The Electrification Standard

Back in the days of the seventies, when the world of computers was young, i did many things to try and squeeze the last byte out of whatever i would imagine the technology to be.

Since programming would also be a part of the new world, i decided to draw up standards from the begininning, and these became a series of electrification standards. So there were standards for prime-data, and standards for the polytopes.

The long-term dream was that you could take a symbol like /SF, feed it into a program, and from the symbol alone, it should deduce most of the metrical properties, and make a good stab at the numerical ones as well. That is, it could tell you it was an icosahedron, and that its various radii and volumes. most of this is now met


verb: Dr Klitzing interpreted the branch-nodes as having an inplied pronoun, rather like as if the sentence stopped before the B branch and a new sentence referring tho the third-last node was invoked.

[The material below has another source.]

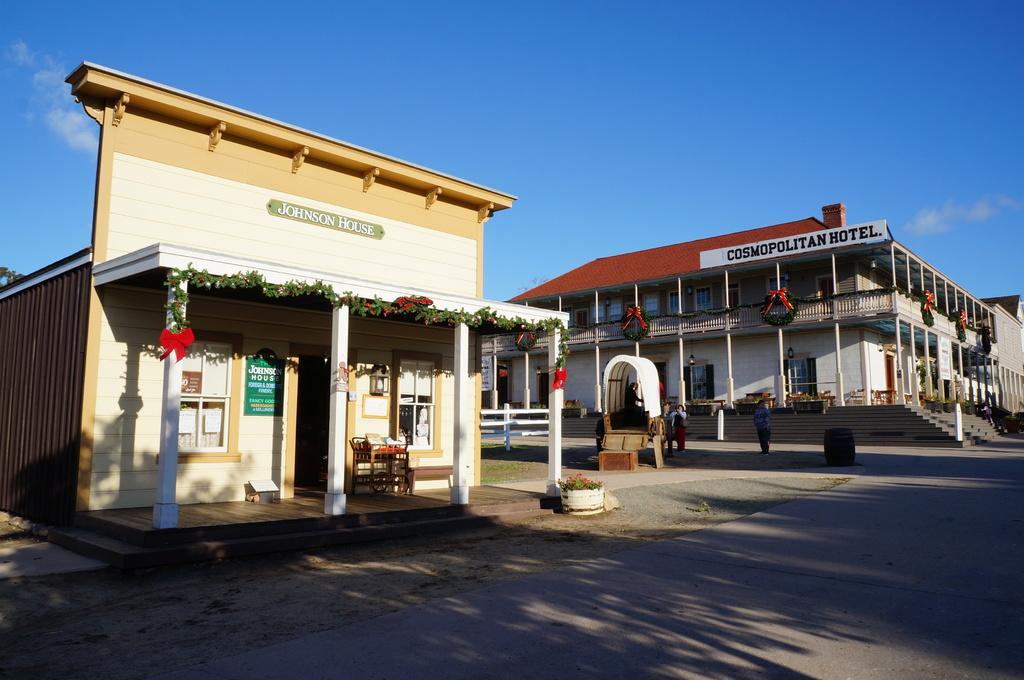Can you describe this image briefly? Here in this picture in the front we can see a store present on the ground over there and the store front is decorated with flowers over there and beside it we can see a hotel present and we can see it is also decorated in the front and we can see people walking on the road here and there and we can see clouds in the sky. 
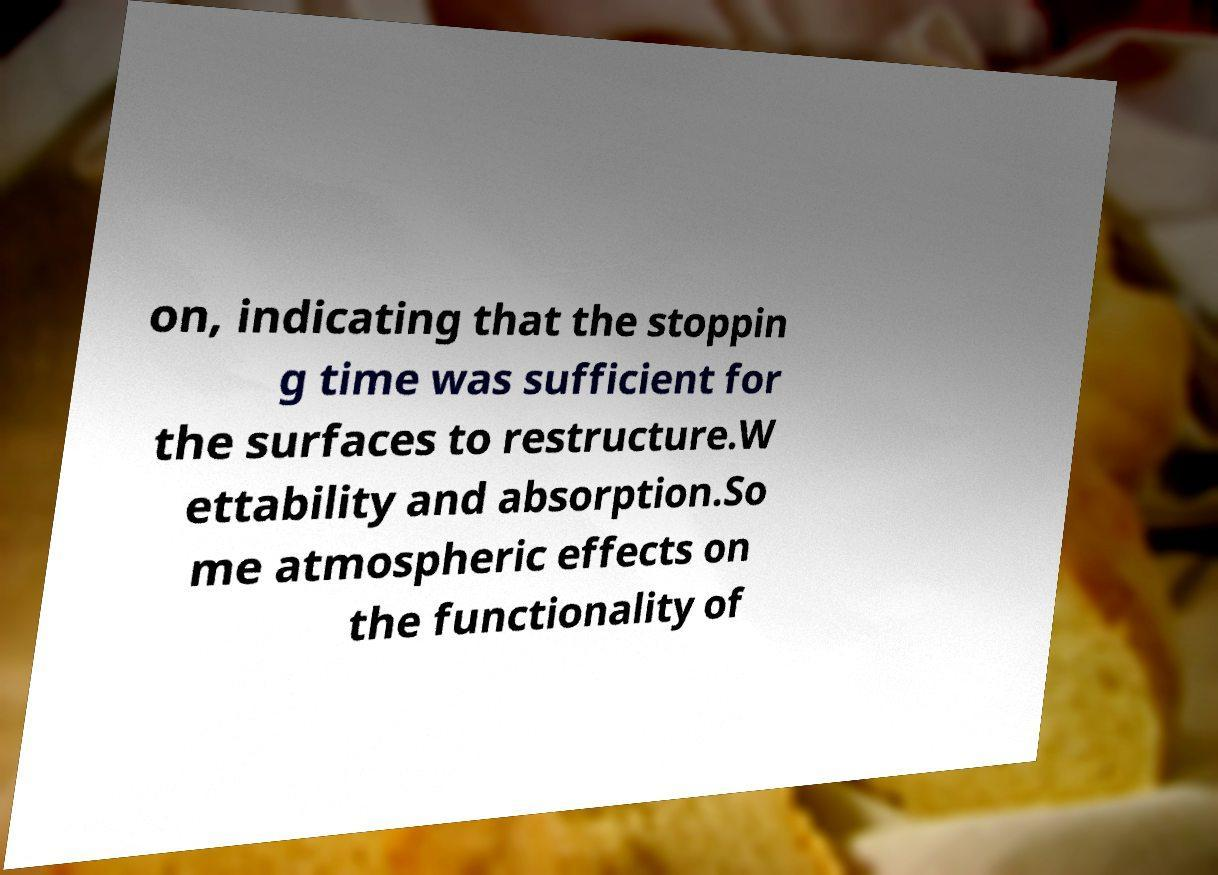Could you extract and type out the text from this image? on, indicating that the stoppin g time was sufficient for the surfaces to restructure.W ettability and absorption.So me atmospheric effects on the functionality of

computers: In the days of the early computers, people spent a great deal of time trying to pack large amounts of information into small data fields, because data was cheap. We called ourselves then Data Processing
      Today, computer and computer storage abounds. We now call computers information technology, and call any box-shifter a computer technician.
      On the other hand, i have, while being on the computer help-desk, suggested good old pencil and paper solutions (because of audit-trails and lack of replication). Now that's information-techology - finding the right technology for information!